» **Exercise**:
Which lines below fall between the one containing "- biscuit [306,209,333,268]" and the one containing "- bottle [541,88,639,157]"? Repeat them exactly, counting both of those lines, and add nothing else.

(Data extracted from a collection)
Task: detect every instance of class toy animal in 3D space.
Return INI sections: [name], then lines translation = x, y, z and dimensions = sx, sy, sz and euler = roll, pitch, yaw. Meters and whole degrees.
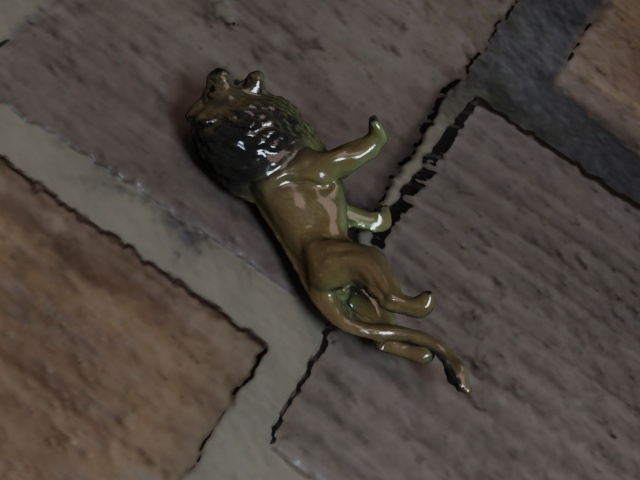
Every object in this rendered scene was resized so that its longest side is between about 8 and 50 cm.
[toy animal]
translation = 0.016, -0.006, 0.968
dimensions = 0.086, 0.069, 0.220
euler = -33, 69, -18
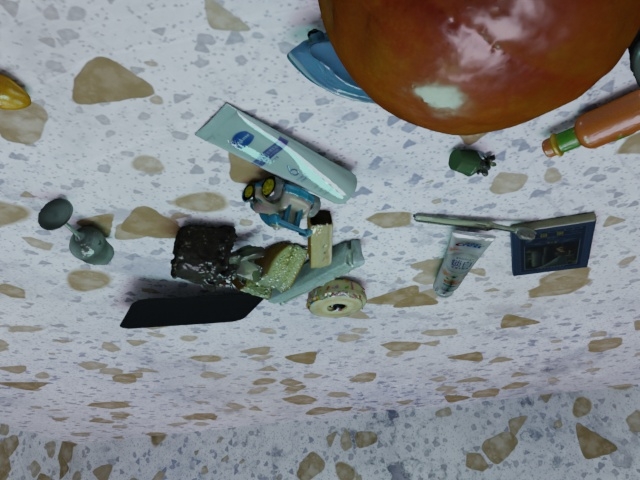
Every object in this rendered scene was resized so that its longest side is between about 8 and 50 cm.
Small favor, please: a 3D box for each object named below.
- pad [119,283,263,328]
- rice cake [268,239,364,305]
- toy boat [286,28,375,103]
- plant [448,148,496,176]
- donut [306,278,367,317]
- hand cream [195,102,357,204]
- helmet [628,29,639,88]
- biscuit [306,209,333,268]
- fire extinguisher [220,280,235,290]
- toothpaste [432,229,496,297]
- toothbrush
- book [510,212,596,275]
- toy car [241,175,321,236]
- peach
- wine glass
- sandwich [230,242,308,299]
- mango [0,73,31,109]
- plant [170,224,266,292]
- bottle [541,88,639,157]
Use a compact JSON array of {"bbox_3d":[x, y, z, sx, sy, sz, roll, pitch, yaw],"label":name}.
[{"bbox_3d":[-0.375,0.187,1.854,0.375,0.063,0.315,1,153,-29],"label":"pad"},{"bbox_3d":[-0.017,0.085,1.643,0.063,0.066,0.336,11,151,-41],"label":"rice cake"},{"bbox_3d":[0.067,-0.258,0.971,0.238,0.109,0.098,7,-175,-18],"label":"toy boat"},{"bbox_3d":[0.296,-0.146,1.245,0.102,0.051,0.051,6,152,-27],"label":"plant"},{"bbox_3d":[0.043,0.156,1.784,0.175,0.068,0.174,-4,151,-2],"label":"donut"},{"bbox_3d":[-0.066,-0.156,1.211,0.321,0.067,0.109,25,143,-30],"label":"hand cream"},{"bbox_3d":[0.524,-0.309,0.821,0.305,0.177,0.225,-7,159,-8],"label":"helmet"},{"bbox_3d":[0.000,0.000,1.489,0.056,0.052,0.188,-10,149,-7],"label":"biscuit"},{"bbox_3d":[-0.266,0.101,1.699,0.100,0.032,0.046,13,114,-27],"label":"fire extinguisher"},{"bbox_3d":[0.340,0.055,1.612,0.100,0.066,0.323,9,153,2],"label":"toothpaste"},{"bbox_3d":[0.351,-0.034,1.477,0.294,0.028,0.026,10,134,-6],"label":"toothbrush"},{"bbox_3d":[0.568,0.017,1.607,0.191,0.025,0.269,-9,152,13],"label":"book"},{"bbox_3d":[-0.092,-0.060,1.298,0.161,0.098,0.126,-6,157,44],"label":"toy car"},{"bbox_3d":[0.154,-0.280,0.689,0.302,0.342,0.343,-4,158,-39],"label":"peach"},{"bbox_3d":[-0.519,-0.010,1.400,0.079,0.079,0.195,-7,151,9],"label":"wine glass"},{"bbox_3d":[-0.137,0.086,1.606,0.090,0.088,0.244,22,144,-39],"label":"sandwich"},{"bbox_3d":[-0.496,-0.230,1.016,0.060,0.046,0.089,-27,148,37],"label":"mango"},{"bbox_3d":[-0.232,0.042,1.469,0.203,0.131,0.142,6,148,-19],"label":"plant"},{"bbox_3d":[0.483,-0.197,1.148,0.187,0.069,0.069,-22,147,36],"label":"bottle"}]
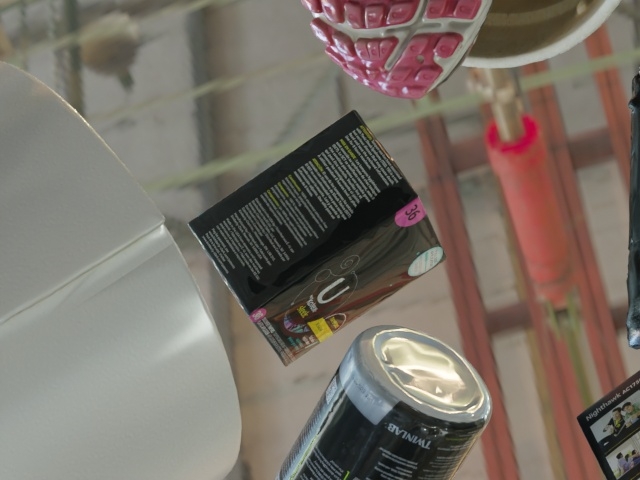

» **Response area**:
- biscuit [306,209,333,268]
- fire extinguisher [220,280,235,290]
- toothpaste [432,229,496,297]
- toothbrush
- book [510,212,596,275]
- toy car [241,175,321,236]
- peach
- wine glass
- sandwich [230,242,308,299]
- mango [0,73,31,109]
- plant [170,224,266,292]
- bottle [541,88,639,157]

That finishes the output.